This sneaky little book is a sneaking sneakster. It sneaks right up on you, and you love it before you realize what’s happening.
I actually read this book way before I meant to. I realized on my drive to Phoenix a couple of weeks ago that I was quickly going to run out of Pride and Prejudice audiobook, and I didn’t have a replacement on deck. Good old public library and OneClickDigital had this puppy featured, and I wanted to read it anyway, so why not?
It was a bit hard to get into at first. I kept having to rewind the audiobook and listen to parts over again. But once I got a couple chapters in, the book either picked up or I was sufficiently comfortable with the characters and the world that it wasn’t a problem anymore. And then I had a new problem, which was: This is a really good book, and I don’t want to stop listening to it.
Sorcerer to the Crown takes place in an alternate Regency England, one in which magic is real, and flows into the mortal world from Faerie. Only, for generations now, England’s magic has been drying up. There is less of it to go around, and less people popping up who can practice it. This isn’t helped by the English dum-dums refusing to educate anyone but a gentleman in the art of proper magic. If you’re lower class or female, forget it. And if you’re female, there are schools of magic where not only do they *not* teach you how to practice magic, but the entire focus of the school is for young girls to learn to suppress their magic.
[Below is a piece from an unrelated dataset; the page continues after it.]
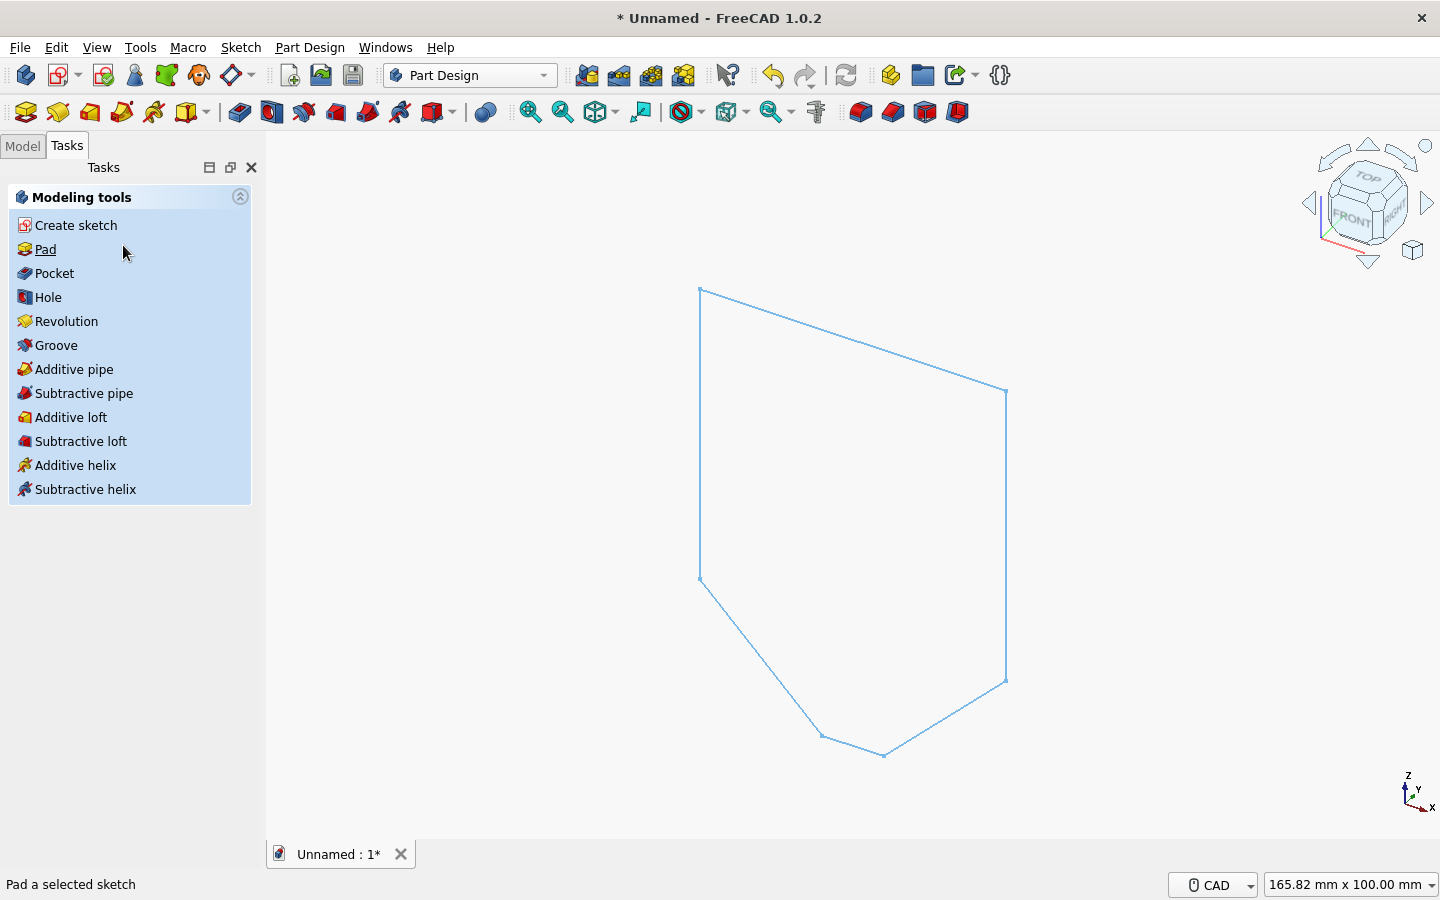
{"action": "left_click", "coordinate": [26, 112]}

Yeah. This is one of THOSE books. And I loved every second of it.
Our two main characters are Zacharias, a black man adopted out of slavery by England’s Sorcerer Royal at the age of six when his talent with magic made itself known, and Prunella, a half-Indian half-white orphan. As the story opens, Zacharias is dealing with the fallout of the death of his adopted father, Sir Stephen. Mysterious circumstances resulted in Zacharias emerging from Sir Stephen’s study the night he died, now in possession of the staff of the Sorcerer Royal. Already not accepted due to his skin color, the murky situation leads to rampant rumors and many of England’s most powerful sorcerers questioning whether he deserves to be the Sorcerer Royal. Prunella is currently living in one of the aforementioned schools of magic for young ladies, and striving to hide just how excessively magical she really is, when a visit from Zacharias upends her whole life.
The most surprising, and most pleasant, thing about this book is how subversively funny it is. If you’re not paying attention, the jokes could pass you by, but if you are, there’s some really funny stuff hidden in Cho’s prose. Her characters are also wonderfully alive. Prunella is one of my favorite characters I’ve read in the last couple of years. She just don’t give a shit.
The atmosphere of this book was delicious, and the story satisfying. It was surprising and funny and moving. Not sure what else I could ask for.
I don’t know where Cho is taking the sequels this book is apparently getting, but one nice thing about Sorcerer to the Crown is that it is self-contained. No cliffhangers, just a nice beginning, middle and end.
I need to buy my own copy and re-read it, so I can catch everything I’m sure I missed.